I think those are two important points to make.

I want to ask a question about different sectors. I've had many meetings with the organic sector. I would have thought the organic sector would have been open to low-level presence because the stakes are high for them too. It's not GM, as I say, it could be any non-organic contamination of their organic shipment. It could come not from their fields, of course, but as you mentioned, the supply chain, meaning a truck, a railcar, a shipping hold that was not properly cleaned. But what I have found in general is that the organic sector is not open to low-level presence. They're not in favour of it.

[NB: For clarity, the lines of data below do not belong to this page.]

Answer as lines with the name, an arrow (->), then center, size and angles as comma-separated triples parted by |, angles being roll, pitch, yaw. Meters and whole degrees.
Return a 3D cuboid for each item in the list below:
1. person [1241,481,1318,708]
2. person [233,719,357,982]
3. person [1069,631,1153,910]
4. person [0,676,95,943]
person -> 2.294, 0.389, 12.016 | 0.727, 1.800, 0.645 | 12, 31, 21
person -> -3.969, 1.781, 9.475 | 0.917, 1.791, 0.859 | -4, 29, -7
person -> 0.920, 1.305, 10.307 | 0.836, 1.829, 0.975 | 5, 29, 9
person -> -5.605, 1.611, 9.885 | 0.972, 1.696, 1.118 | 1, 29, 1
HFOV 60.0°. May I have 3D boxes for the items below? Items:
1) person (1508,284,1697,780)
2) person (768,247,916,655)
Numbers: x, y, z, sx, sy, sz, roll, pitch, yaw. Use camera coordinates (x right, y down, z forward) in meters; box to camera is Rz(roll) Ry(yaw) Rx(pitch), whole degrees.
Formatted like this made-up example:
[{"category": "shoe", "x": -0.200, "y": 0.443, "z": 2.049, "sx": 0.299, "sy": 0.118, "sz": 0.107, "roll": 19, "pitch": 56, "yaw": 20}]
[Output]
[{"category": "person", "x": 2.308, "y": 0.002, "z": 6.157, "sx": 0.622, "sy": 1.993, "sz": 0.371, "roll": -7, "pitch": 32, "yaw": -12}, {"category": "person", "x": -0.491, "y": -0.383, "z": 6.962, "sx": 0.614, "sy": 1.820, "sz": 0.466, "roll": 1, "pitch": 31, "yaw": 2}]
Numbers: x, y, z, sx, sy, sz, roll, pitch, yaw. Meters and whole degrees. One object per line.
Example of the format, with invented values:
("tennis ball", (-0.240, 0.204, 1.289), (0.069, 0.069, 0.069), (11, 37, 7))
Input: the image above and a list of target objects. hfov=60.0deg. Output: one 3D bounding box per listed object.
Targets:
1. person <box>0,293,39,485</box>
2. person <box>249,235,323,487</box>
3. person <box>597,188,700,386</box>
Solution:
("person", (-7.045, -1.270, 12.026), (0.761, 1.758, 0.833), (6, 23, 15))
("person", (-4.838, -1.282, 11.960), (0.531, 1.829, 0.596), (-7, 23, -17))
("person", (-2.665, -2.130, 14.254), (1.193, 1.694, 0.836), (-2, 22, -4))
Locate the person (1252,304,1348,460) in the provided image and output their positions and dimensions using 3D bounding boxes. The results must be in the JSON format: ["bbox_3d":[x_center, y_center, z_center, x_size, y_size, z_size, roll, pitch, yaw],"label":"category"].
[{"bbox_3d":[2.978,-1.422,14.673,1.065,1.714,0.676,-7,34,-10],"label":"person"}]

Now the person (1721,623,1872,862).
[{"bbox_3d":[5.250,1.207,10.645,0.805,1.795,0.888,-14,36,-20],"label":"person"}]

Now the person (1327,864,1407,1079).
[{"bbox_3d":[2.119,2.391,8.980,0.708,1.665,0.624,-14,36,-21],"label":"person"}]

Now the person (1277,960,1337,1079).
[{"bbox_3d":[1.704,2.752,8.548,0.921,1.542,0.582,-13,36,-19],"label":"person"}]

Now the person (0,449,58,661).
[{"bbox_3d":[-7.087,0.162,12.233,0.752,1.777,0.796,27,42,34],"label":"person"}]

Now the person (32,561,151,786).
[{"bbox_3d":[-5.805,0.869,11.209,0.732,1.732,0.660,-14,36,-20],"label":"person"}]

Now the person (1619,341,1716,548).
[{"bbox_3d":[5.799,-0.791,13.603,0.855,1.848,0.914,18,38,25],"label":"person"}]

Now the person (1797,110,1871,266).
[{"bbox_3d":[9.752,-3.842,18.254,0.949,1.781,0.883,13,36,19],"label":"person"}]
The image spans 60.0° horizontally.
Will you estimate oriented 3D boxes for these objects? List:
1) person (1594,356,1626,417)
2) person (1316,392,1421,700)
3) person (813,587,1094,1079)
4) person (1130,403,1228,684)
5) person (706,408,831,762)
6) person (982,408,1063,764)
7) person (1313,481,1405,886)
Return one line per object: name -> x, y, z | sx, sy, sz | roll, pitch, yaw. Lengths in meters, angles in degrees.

I'm wondering if you two are able to comment on that. I know that's not necessarily your sector, but I don't know if you've encountered that in your discussions. Do you try to provide them with other information? What's your experience on that?

I'm asking both of you.

11:30 a.m.

Vice-President, Corporate Affairs, Canola Council of Canada

Jim Everson

Mr. Lemieux, first of all, in terms of your opening comments, it is true that with these tolerance levels—no matter what issue you're talking about, whether it's genetic modification or it's some kind of foreign material and other seeds and that sort of thing in the grain-handling system—zero is extremely difficult or impossible to achieve, which is why we're into this area.

The other point that I think is important is I congratulate the Government of Canada for the way they have addressed this issue by pointing the LLP initiative to defining “low-level presence” in terms of products that have been safety assessed using an international protocol by a competent authority in another country. We're not talking about products we don't know anything about, that have never been safety assessed. We're targeting only those products that have been approved by a competent authority somewhere else before they're supplied. So health and safety are very important points.

I certainly want to hear what the organic sector has to say on the issue. I don't think the LLP initiative should be as big a concern from an organic point of view. In the case of the Canadian initiative, for example, an LLP policy for Canada, we are not talking about seed imports, products that are coming into Canada that would go for cultivation, we're talking about products coming in that go for processing. They would go to food-for-feed processing or industrial purposes. They're into a commercial chain that takes them into processing, as opposed to something that's going to be open to the environment and become an issue in the Canadian environment. The risk of any concern, in terms of LLP, should be low.

11:30 a.m.

Conservative

Pierre Lemieux Conservative Glengarry—Prescott—Russell, ON

Stuart, do you have any comments about that?